Bruno Brasil, Director of the Department of Sustainable Production and Irrigation, Ministry of Agriculture and Livestock, Brazil, welcomed the growing food and agriculture agenda, reflected in the flurry of new initiatives such as Harmoniya, RAIZ, and the Declaration on Fertilisers. Basil then underscored the launch of the Global Carbon Harvest Coalition, which will gather data on how to improve sequestration of carbon in soils. He welcomed the “power of mutirão” to reverse land degradation and boost food and agriculture productivity.

1 Martial Bernoux, Team Leader and Senior Natural Resources Officer, FAO -Ministerial FAST+CCAC-19Nov2025

Martial Bernoux, Senior Natural Resources Officer, FAO

Martial Bernoux, Senior Natural Resources Officer, FAO, noted the FAST Partnership’s work with the UNFCCC Standing Committee on Finance to help boost access to more and better quality finance. He pointed to the growing gap between climate finance and the amount of this finance going to agrifood systems, as reflected in FAO’s new report on Climate-Related Development Finance to Agrifood Systems.

Martina Otto, Head of the CCAC Secretariat, UNEP, -Ministerial FAST+CCAC-19Nov2025

Martina Otto, Head of the CCAC Secretariat, UNEP

Martina Otto, Head of the CCAC Secretariat, UN Environmental Programme (UNEP), stressed the importance of action to tackle super pollutants, such as methane, black carbon, and hydrofluorocarbons, and deliver major, quick gains for the climate. Otto called farmers “agents of change” and underscored that solutions exist and deliver benefits. Otto also discussed FIRST, which will elevate farmers to become champions in the super-pollutant fight and support country-level policymaking. She highlighted the role of the Technology and Economic Assessment Panel (CCAC-TEAP) in sharing knowledge with countries about how to scale up mitigation of short-lived climate pollutants (SLCP). 

Closing Brazil 4-Ministerial FAST+CCAC-19Nov2025

Kaveh Zahedi, Director, Office of Climate Change, Biodiversity and Environment, FAO, and Fernanda Machiaveli, Executive Secretary, Ministry of Agrarian Development and Family Farming, Brazil

Following these opening segments, the event welcomed interventions by members and stakeholders.

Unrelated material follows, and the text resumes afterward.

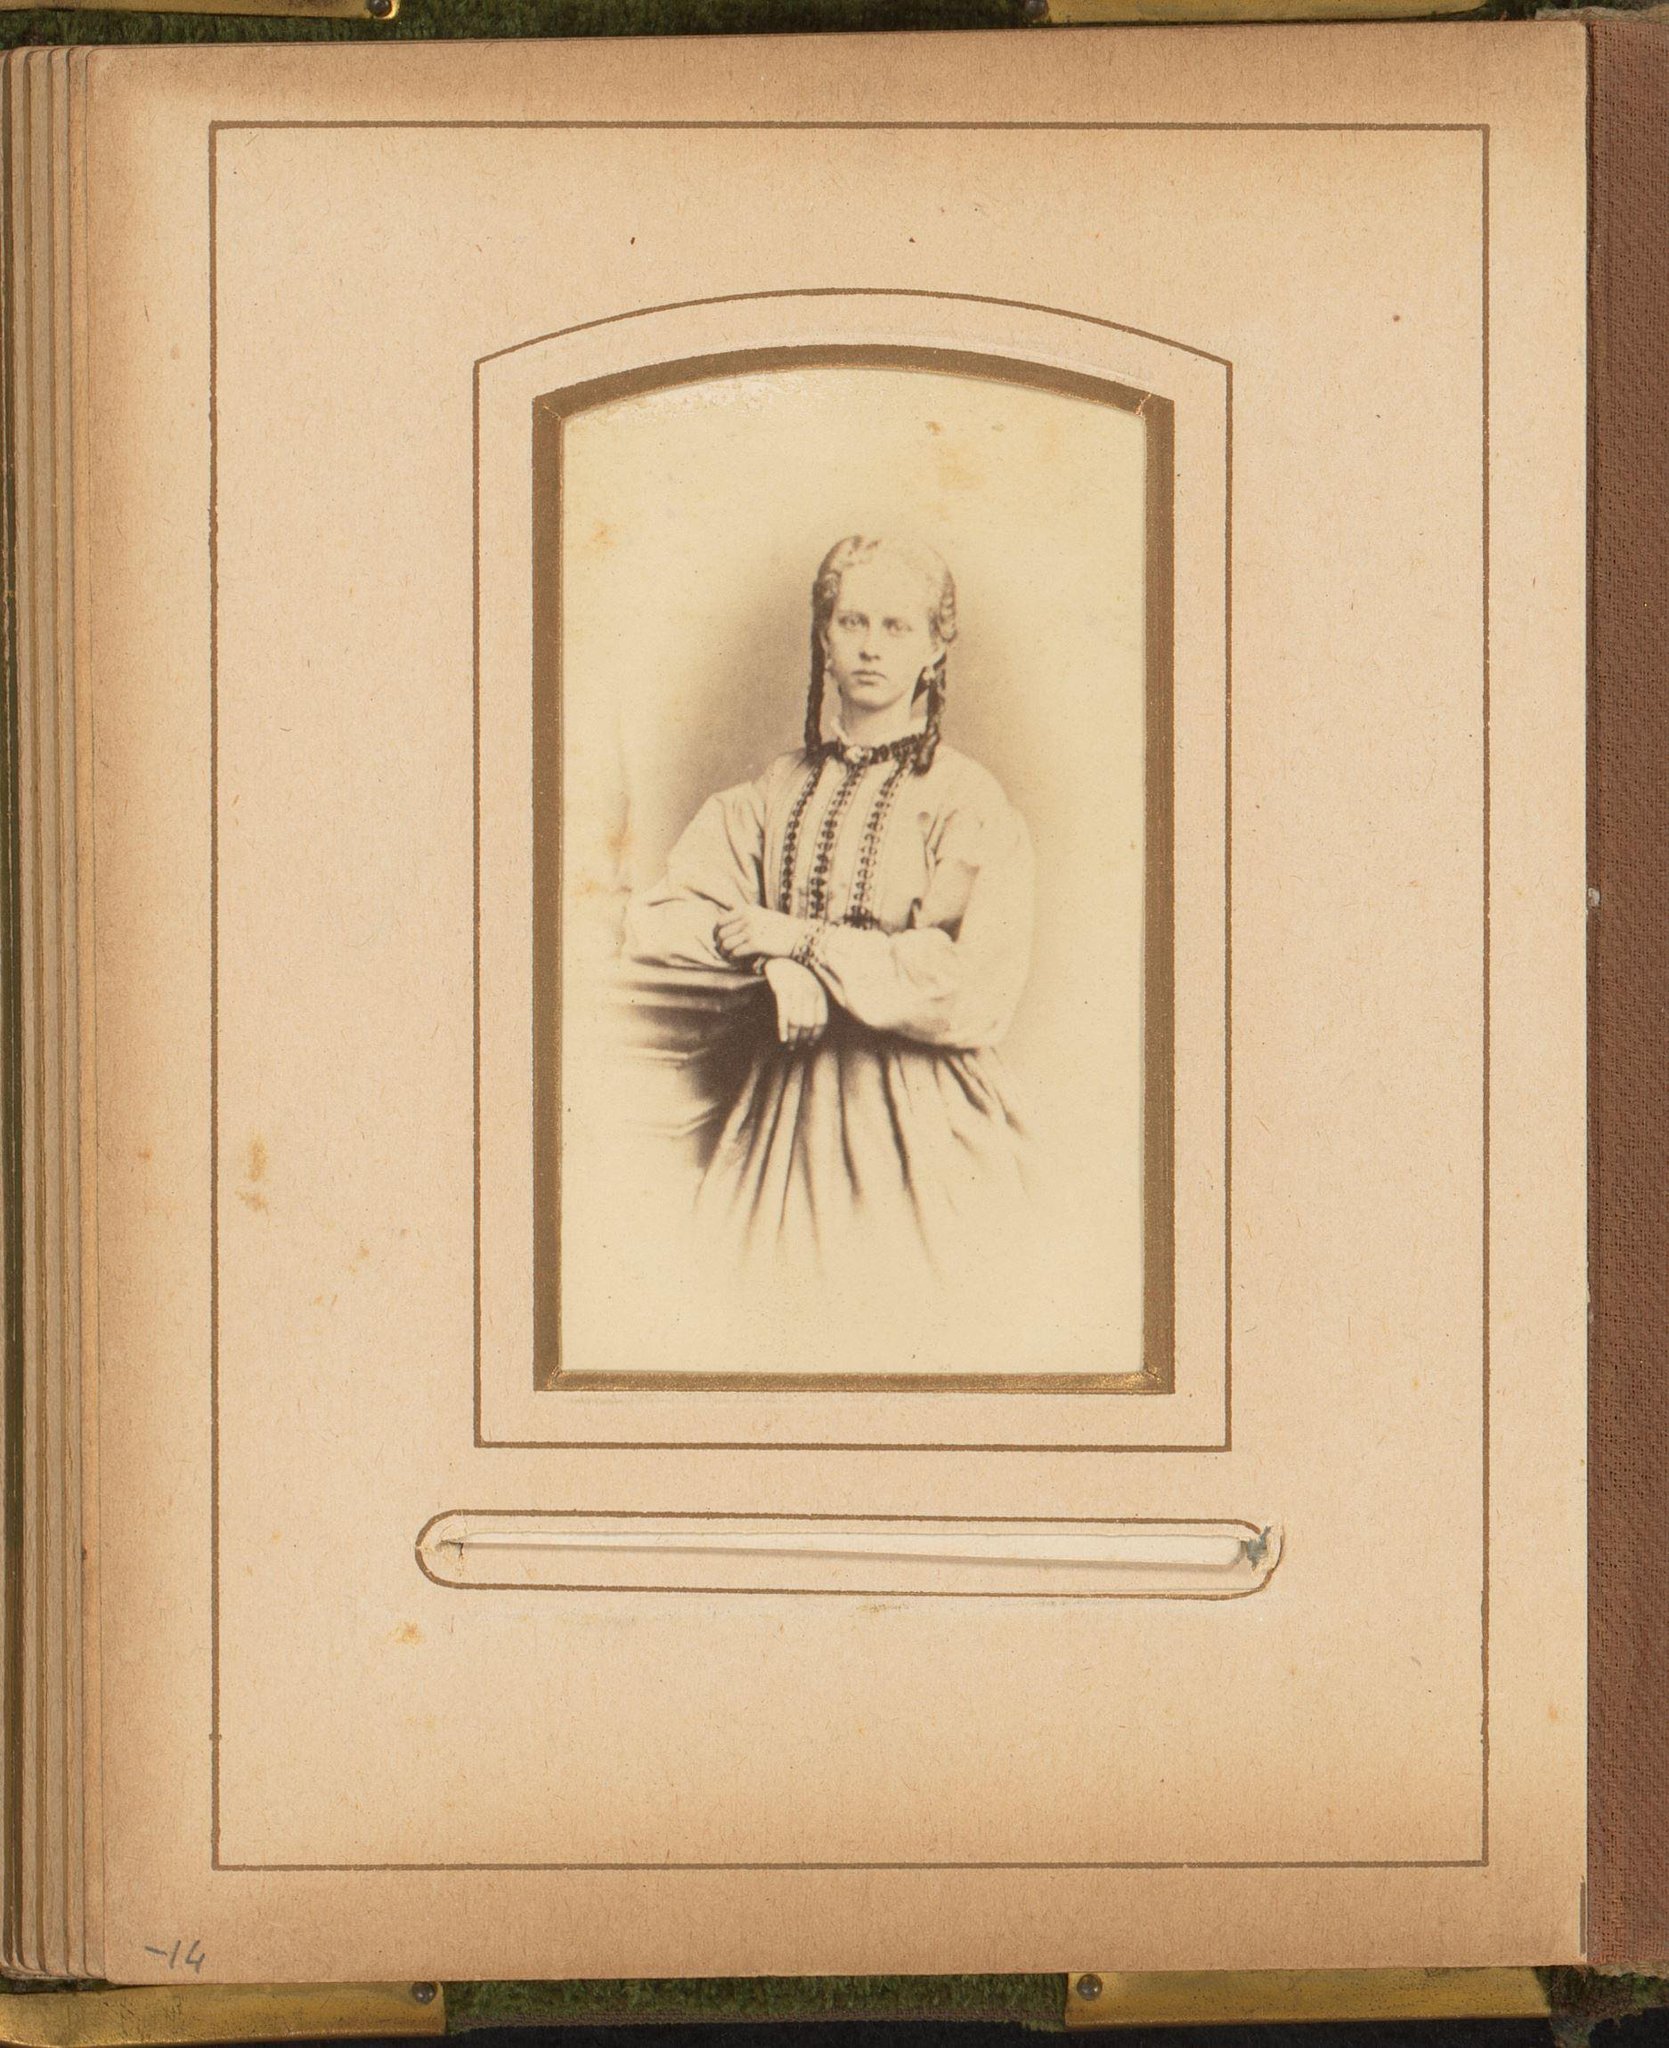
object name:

During these interventions, Togo and the Development Bank of Latin America and the Caribbean (CAF), announced that they were joining the FAST Partnership.

In interventions by New Zealand, Senegal, Dominican Republic, Japan, Togo, Viet Nam, Nigeria, Cambodia, The Gambia, Australia, Canada, World Bank, World Rural Forum, CGIAR, NDC Partnership, CAF, Environmental Defense Fund (EDF), and Brazil key themes included, inter alia, the need to:

  • scale up multilateral cooperation, adaptation, and resilience;
  • research and develop technologies and share them through international cooperation;
  • improve the quantity and quality of climate finance while de-risking it;
  • diversify finance and channel it in an inclusive manner;
  • support and empower women, youth, and small producers, including work to achieve just transitions;
  • take farmer-centered approaches;
  • halt deforestation and promote reforestation;
  • achieve practical exchanges to advance methane reduction and sustainable livestock;
  • promote cooperation between government ministries;
  • produce and share data to improve policymaking and monitoring;
  • emphasize actions to limit global temperature rise that are aligned with climate justice goals;
  • keep agriculture and food at the forefront of COPs;
  • improve the efficiency and precision of fertilizer application;
  • unlock public-private partnerships to benefit small family farmers;
  • improve access to finance in the implementation of NDCs;
  • provide farmers with meaningful support to adopt sustainable practices to promote profits and resilience; and
  • diversify food production while safeguarding biodiversity and sequestering carbon.